EXERCISE: Which lines of the data below include the string "outline"? Return each of them.
* * *
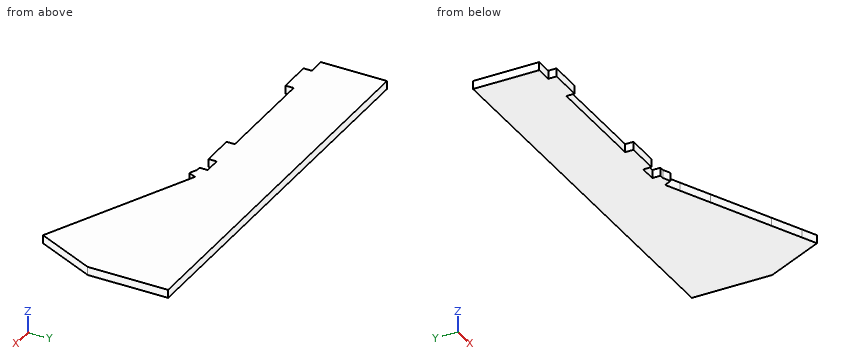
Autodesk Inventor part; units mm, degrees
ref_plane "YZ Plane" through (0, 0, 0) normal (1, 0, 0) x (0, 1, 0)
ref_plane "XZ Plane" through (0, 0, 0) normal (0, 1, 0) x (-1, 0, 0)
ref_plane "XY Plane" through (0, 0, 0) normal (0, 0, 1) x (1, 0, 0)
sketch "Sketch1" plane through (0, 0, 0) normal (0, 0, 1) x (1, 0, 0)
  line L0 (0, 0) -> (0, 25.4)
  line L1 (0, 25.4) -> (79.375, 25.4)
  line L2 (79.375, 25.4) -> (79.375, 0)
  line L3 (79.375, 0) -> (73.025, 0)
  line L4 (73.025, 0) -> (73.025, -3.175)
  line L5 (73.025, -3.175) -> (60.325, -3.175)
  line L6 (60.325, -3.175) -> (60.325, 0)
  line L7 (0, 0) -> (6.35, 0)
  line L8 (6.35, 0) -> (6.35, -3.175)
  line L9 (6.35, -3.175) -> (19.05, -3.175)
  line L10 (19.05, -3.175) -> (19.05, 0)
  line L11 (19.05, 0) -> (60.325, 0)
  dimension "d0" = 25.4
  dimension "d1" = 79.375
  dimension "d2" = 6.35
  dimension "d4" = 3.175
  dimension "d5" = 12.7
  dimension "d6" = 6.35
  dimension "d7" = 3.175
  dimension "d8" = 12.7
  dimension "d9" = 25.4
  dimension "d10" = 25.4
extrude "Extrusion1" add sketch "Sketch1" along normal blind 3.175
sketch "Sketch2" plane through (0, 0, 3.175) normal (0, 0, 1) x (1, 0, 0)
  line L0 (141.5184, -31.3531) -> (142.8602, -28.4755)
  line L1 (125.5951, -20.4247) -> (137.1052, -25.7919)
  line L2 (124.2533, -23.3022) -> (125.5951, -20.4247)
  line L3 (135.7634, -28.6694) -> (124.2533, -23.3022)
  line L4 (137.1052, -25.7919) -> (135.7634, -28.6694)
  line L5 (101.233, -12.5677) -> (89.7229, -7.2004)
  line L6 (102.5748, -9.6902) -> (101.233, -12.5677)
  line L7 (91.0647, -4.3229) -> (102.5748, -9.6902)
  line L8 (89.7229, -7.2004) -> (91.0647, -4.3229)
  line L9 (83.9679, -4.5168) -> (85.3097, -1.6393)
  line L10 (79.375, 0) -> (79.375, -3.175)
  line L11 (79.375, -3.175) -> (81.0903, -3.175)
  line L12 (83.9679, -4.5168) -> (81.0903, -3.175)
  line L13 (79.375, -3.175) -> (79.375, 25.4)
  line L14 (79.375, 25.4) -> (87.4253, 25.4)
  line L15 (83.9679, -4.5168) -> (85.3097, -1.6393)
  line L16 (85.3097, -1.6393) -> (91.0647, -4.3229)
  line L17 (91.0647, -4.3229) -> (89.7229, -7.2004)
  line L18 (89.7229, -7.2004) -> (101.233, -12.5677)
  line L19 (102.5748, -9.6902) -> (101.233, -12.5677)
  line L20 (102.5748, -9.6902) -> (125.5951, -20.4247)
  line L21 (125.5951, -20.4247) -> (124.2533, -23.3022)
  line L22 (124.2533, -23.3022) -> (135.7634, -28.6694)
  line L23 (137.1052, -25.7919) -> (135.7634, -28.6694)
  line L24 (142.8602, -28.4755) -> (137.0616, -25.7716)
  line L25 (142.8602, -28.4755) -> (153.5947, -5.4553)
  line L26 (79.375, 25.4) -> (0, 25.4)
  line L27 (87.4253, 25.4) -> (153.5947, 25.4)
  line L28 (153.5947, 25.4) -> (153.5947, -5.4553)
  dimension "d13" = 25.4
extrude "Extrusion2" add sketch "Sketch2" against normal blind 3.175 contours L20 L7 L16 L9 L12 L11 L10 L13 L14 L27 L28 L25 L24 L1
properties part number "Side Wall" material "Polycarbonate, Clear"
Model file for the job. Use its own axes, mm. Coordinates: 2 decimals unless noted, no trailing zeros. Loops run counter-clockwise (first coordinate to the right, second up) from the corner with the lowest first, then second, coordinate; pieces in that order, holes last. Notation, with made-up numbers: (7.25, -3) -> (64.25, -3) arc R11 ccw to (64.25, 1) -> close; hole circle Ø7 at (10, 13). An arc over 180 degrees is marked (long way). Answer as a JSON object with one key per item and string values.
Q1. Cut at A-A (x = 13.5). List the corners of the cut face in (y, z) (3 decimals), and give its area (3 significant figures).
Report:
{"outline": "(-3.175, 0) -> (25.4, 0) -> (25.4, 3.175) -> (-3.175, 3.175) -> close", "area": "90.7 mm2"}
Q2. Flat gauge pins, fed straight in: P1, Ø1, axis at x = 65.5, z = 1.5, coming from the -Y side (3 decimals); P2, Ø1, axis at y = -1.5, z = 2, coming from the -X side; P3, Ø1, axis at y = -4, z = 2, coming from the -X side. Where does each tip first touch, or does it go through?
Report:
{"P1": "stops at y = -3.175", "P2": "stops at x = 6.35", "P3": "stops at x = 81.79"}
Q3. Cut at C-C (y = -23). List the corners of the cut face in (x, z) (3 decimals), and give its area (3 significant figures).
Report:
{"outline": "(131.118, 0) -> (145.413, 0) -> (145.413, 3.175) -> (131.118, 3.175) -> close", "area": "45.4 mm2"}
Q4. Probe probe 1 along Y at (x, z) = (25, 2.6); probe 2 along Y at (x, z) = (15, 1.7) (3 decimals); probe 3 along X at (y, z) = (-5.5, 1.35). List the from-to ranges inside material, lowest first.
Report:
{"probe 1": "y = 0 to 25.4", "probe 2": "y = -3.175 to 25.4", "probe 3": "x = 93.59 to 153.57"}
* * *
OUTPUT FOR THIS TASK:
{"outline": "(-3.175, 0) -> (25.4, 0) -> (25.4, 3.175) -> (-3.175, 3.175) -> close", "area": "90.7 mm2"}
{"outline": "(131.118, 0) -> (145.413, 0) -> (145.413, 3.175) -> (131.118, 3.175) -> close", "area": "45.4 mm2"}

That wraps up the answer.